In the records that follow, the lines from the one containing "- toy construction set" to the one containing "- canister [402,431,481,490]", inclusive, are to be given again exactly.

== Data under study ==
□ □ □ □

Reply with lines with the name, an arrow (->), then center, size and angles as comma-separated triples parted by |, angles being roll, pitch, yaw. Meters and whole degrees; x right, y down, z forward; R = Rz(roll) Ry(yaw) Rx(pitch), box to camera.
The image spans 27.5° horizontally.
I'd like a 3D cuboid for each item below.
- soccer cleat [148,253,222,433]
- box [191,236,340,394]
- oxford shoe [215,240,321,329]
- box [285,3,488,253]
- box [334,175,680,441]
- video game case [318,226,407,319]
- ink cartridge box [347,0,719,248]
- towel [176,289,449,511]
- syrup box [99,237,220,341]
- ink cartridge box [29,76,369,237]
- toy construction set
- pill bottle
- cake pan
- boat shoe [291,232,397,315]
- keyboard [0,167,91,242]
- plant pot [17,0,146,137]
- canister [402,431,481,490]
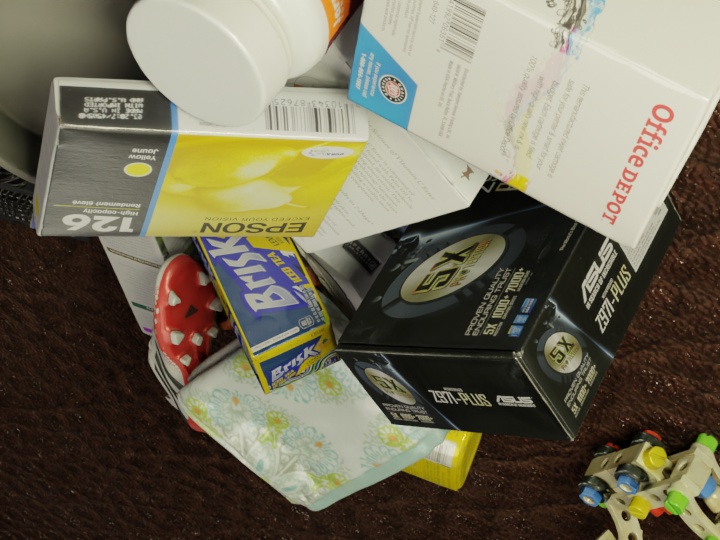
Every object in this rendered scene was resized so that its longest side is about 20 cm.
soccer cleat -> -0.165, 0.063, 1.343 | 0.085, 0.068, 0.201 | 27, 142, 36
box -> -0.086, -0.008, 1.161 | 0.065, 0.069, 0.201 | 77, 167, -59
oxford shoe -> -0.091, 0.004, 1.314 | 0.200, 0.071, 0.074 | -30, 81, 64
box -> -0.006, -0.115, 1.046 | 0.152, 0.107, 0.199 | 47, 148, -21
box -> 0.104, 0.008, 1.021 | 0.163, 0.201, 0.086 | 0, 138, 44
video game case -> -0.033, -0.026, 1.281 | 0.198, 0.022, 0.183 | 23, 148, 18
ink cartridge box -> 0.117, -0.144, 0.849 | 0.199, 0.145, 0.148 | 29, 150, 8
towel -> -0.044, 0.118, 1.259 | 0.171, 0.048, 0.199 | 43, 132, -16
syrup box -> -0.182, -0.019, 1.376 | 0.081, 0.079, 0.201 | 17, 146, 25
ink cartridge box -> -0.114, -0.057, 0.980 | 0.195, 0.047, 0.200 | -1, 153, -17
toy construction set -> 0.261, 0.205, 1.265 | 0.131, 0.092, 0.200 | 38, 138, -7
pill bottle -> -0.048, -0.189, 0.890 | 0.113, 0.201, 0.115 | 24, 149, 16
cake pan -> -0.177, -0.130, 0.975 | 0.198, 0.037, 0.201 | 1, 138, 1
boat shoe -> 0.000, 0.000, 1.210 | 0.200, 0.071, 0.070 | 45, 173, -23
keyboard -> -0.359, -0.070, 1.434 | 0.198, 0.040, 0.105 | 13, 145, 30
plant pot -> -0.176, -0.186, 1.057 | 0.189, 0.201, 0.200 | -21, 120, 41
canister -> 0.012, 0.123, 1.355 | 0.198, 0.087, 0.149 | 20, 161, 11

□ □ □ □

== Expected output ==
- toy construction set
- pill bottle
- cake pan
- boat shoe [291,232,397,315]
- keyboard [0,167,91,242]
- plant pot [17,0,146,137]
- canister [402,431,481,490]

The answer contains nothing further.